Using knowledge from datalab and the spreadsheet from the NHS on converting the BNF codes to create a simplified dataset that allows for basic analysis of BNF data

In [209]:
import os
os.chdir('../Data') # Set the working directory to the data folder

In [210]:
import pandas as pd

In [211]:
# Import the two necessary datasets
toycomp = pd.read_csv('Combined_TOYCOMP_NHS_data.csv')
bnf = pd.read_csv('20200201_1580570906919_BNF_Code_Information.csv')
bnf = pd.DataFrame(bnf) # Convert bnf to dataframe
def rename_unname(df):
    for col in df:
        if col.startswith('Unnamed'):
            df.drop(col,axis=1, inplace=True)
rename_unname(toycomp) # Remove the unnamed column that appears in the dataset

Aim: Want to separate out into having a dictionary one, for each of the two columns.
Need to check the spacing works, as in this one, the first column only has one reference number.
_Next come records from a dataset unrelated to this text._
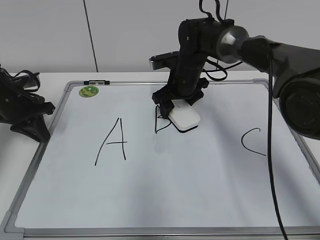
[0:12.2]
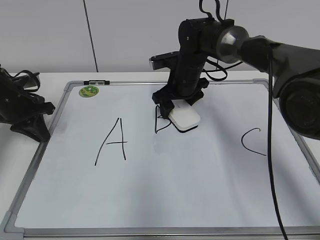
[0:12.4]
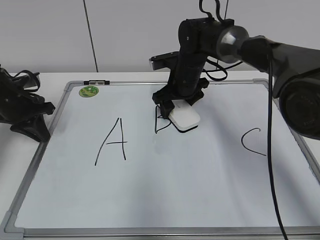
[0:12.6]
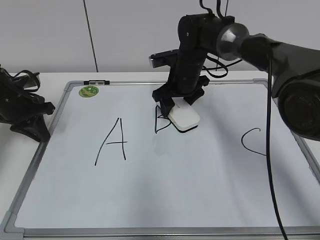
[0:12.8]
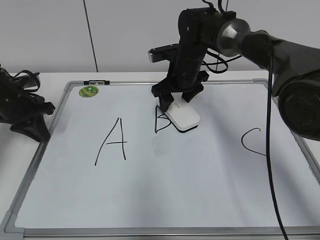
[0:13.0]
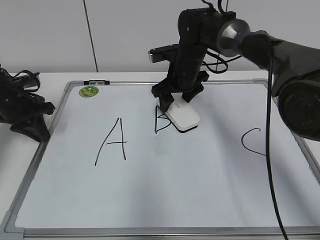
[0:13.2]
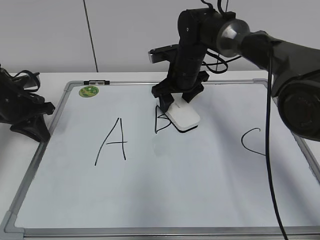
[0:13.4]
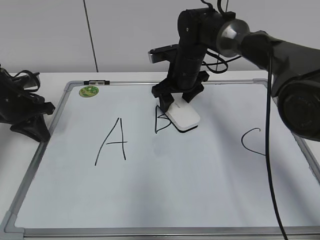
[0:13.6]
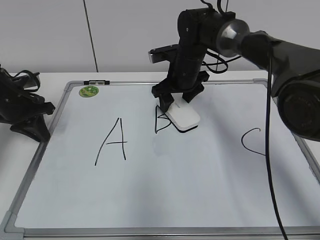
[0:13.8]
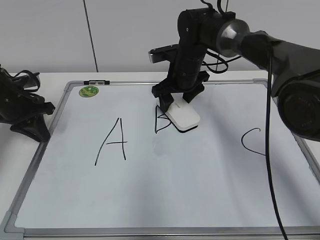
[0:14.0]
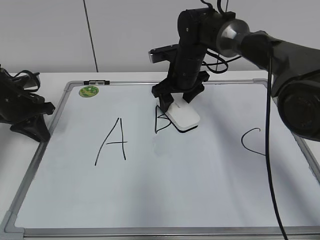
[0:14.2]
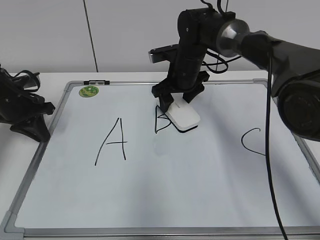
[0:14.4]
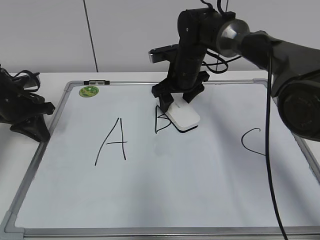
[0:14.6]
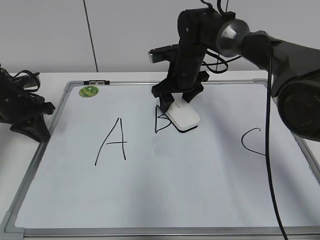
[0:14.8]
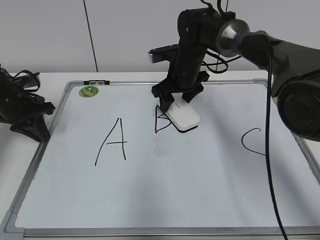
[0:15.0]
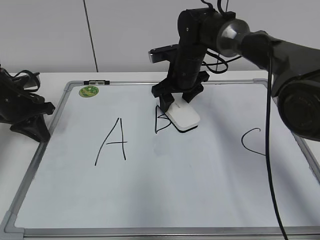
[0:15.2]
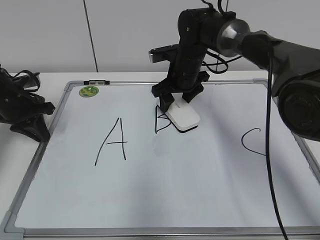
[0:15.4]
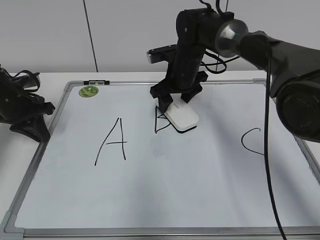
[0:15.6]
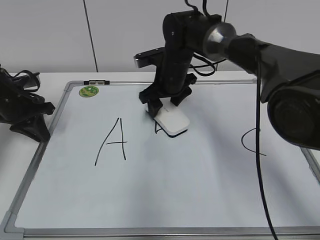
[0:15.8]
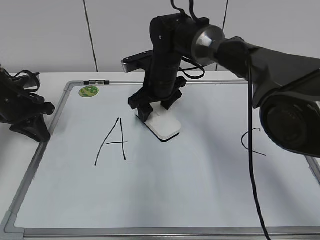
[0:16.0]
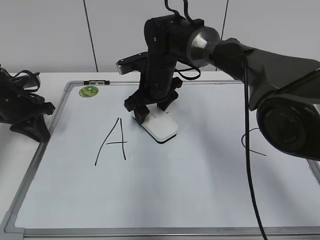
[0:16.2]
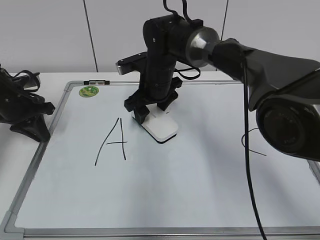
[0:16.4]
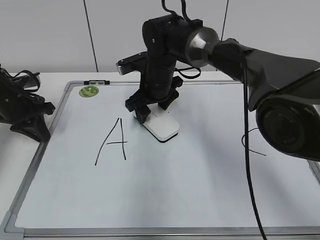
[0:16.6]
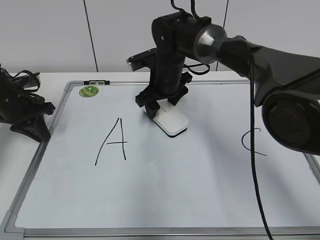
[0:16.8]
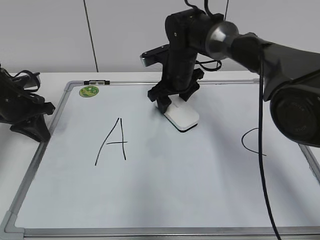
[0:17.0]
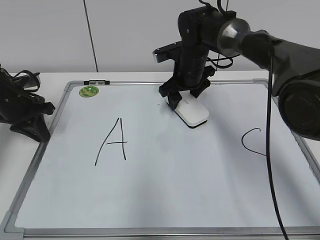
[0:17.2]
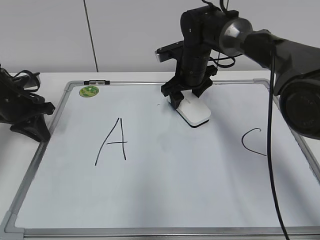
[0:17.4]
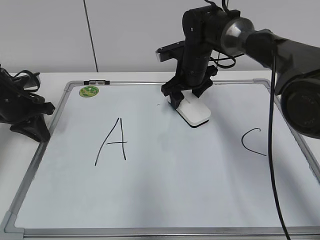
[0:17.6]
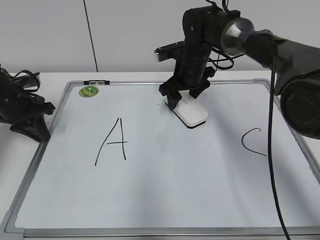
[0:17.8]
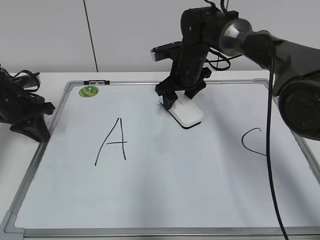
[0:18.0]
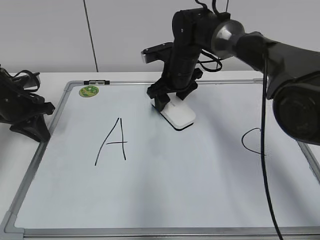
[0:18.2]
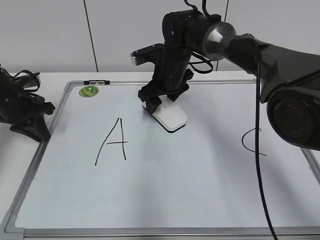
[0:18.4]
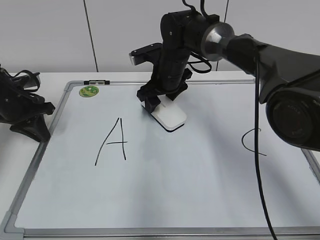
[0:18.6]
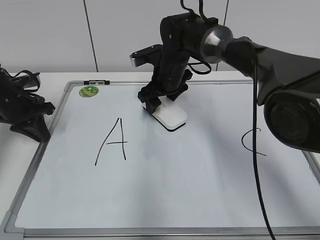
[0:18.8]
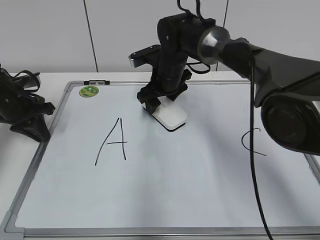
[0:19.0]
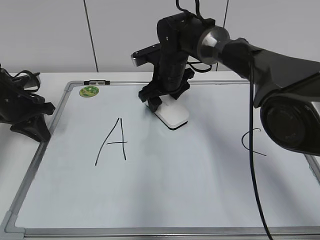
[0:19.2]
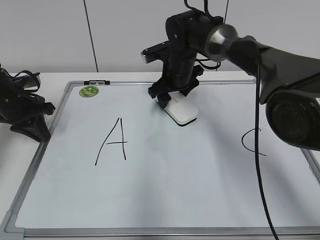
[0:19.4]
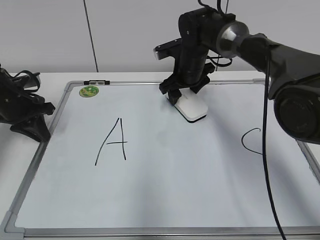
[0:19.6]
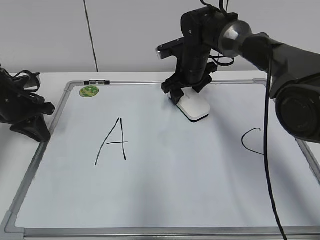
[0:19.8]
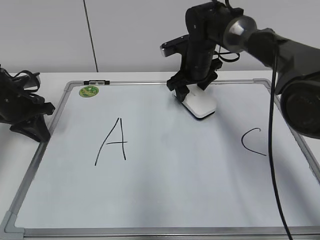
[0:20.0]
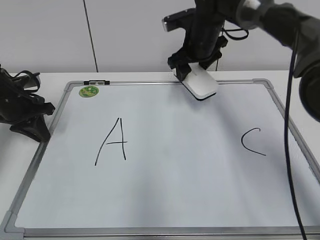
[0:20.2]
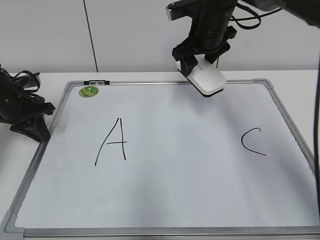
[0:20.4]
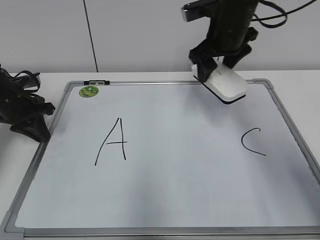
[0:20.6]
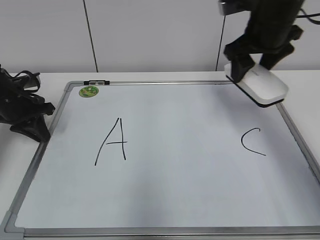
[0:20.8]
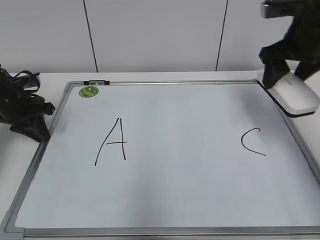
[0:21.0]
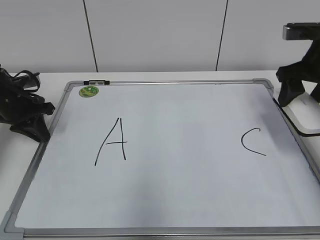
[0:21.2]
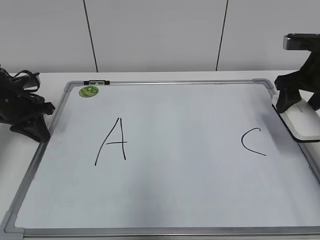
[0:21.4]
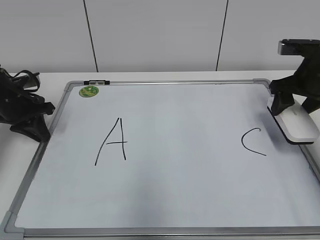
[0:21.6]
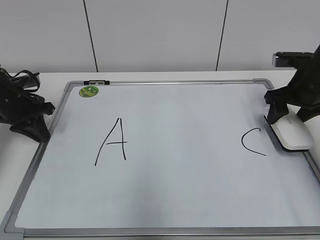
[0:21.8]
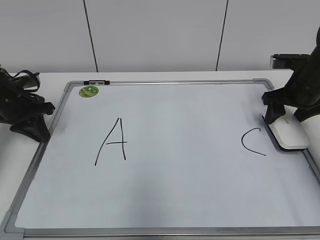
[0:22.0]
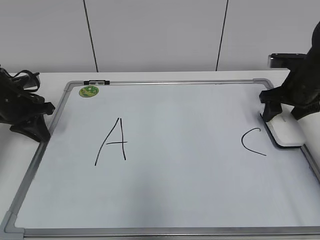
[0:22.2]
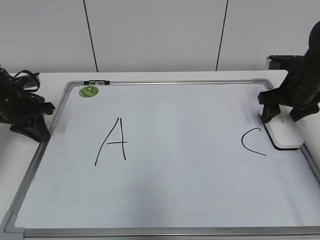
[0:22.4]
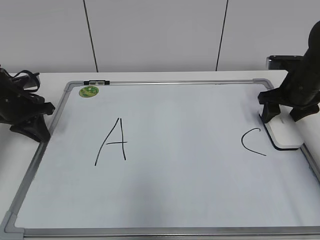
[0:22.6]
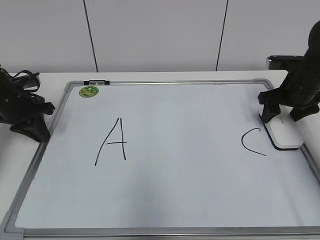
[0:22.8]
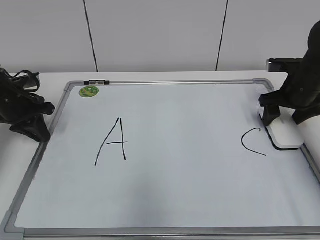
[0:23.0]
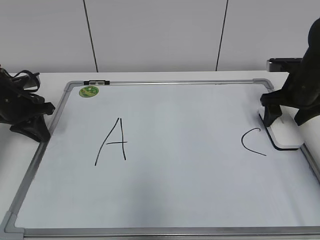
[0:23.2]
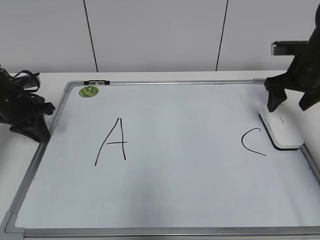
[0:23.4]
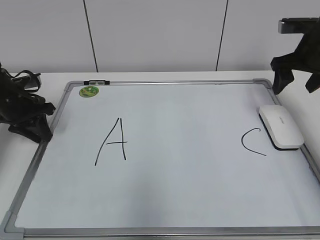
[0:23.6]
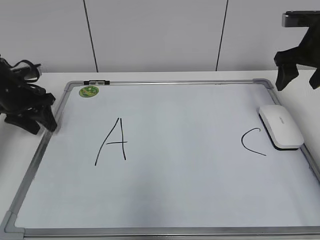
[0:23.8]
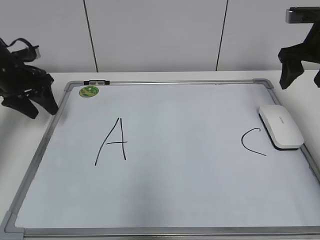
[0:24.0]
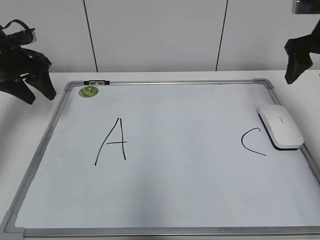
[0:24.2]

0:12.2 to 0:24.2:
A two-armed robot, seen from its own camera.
Task of the whole recording: pick up the eraser on the blackboard and erase the letter "B".
Step, 0:12.2 to 0:19.6: Erase the letter B with your right hand.
Step, 0:19.8 to 0:23.0: Put down the eraser with your right hand.
0:12.2 to 0:13.8: The grippers move only a little.
0:13.8 to 0:15.2: The two grippers keep their place.
0:15.2 to 0:16.6: The right gripper goes roughly 5 cm to the left.
0:16.6 to 0:18.2: The right gripper shifts by approximately 5 cm.
0:18.2 to 0:19.8: There are only small adjustments of the grippers.
0:19.8 to 0:21.2: The right gripper heads to the right, backward and upward, covering roughly 25 cm.
0:21.2 to 0:22.6: The right gripper goes roughly 10 cm downward.
0:22.6 to 0:24.2: The left gripper is displaced upward by approximately 10 cm, and opens its fingers. The right gripper moves upward, some 15 cm.

Thinking only want to go up to the 6th column as at this point going too specific on the disease. there is 

In [212]:
# Sorting this out on a toy practive dataset - then apply to the full one in a minute
toycomp['bnf.chapter'] = toycomp['bnf.code'].str[:2] # Select the first two rows of the dataset = chapter
toycomp['bnf.section'] = toycomp['bnf.code'].str[2:4]# Select the 3 + 4 rows of the dataset = BNF section
toycomp['bnf.paragraph'] = toycomp['bnf.code'].str[4:6] # Select the 5 + 6 rows of the dataset = BNF paragraph
toycomp['bnf.chemical'] = toycomp['bnf.code'].str[7:9]
toycomp['bnf.letters'] = toycomp['bnf.code'].str[9:15]

In [213]:
print(list(toycomp.columns))

['timepoint', 'e8...', 'name', 'address_1', 'address_2', 'address_3', 'area', 'postcode', 'national_grouping', 'high_level_health_geography', 'date_open', 'date_close', 'status_code', 'subtype', 'commissioner', 'setting_all_gp_reference', 'type', 'ccg_code', 'ons_ccg_code', 'sex', 'age', 'number_of_patients', 'organisation_code', 'ccg/pct', 'primary_care_organisation_type', 'join_parent_date', 'left_parent_date', 'amended_record_indicator', 'sha', 'practice', 'bnf.code', 'bnf.name', 'items', 'nic', 'act.cost', 'quantity', 'period', 'bnf.chapter', 'bnf.section', 'bnf.paragraph', 'bnf.chemical', 'bnf.letters']


# BNF
### Formatting dataframe to compare bnf code to final dataset

For strings in bnf where chapter code length = 1, add a 0 on to the beginning.
Add it into a new column to try it out, then apply it to the original column in the data set.   
Reference on this function: https://docs.python.org/3/library/stdtypes.html#str.ljust

In [214]:
bnf.rename(columns={'BNF Chapter Code':'bnf-chaptercode', 'BNF Section Code':'bnf-sectioncode', 
                    'BNF Paragraph Code':'bnf-paragraph'}, inplace=True)
to_drop = ['BNF Subparagraph Code']
bnf.drop(to_drop, axis=1, inplace=True)

In [215]:
bnf['bnf-chaptercode'] = bnf['bnf-chaptercode'].astype(str).str.zfill(2) # Make chapter code two long to compare
bnf['bnf-sectioncode'] = bnf['bnf-sectioncode'].astype(str).str[1:3] 
bnf['bnf-paragraph'] = bnf['bnf-paragraph'].astype(str).str[3:5] 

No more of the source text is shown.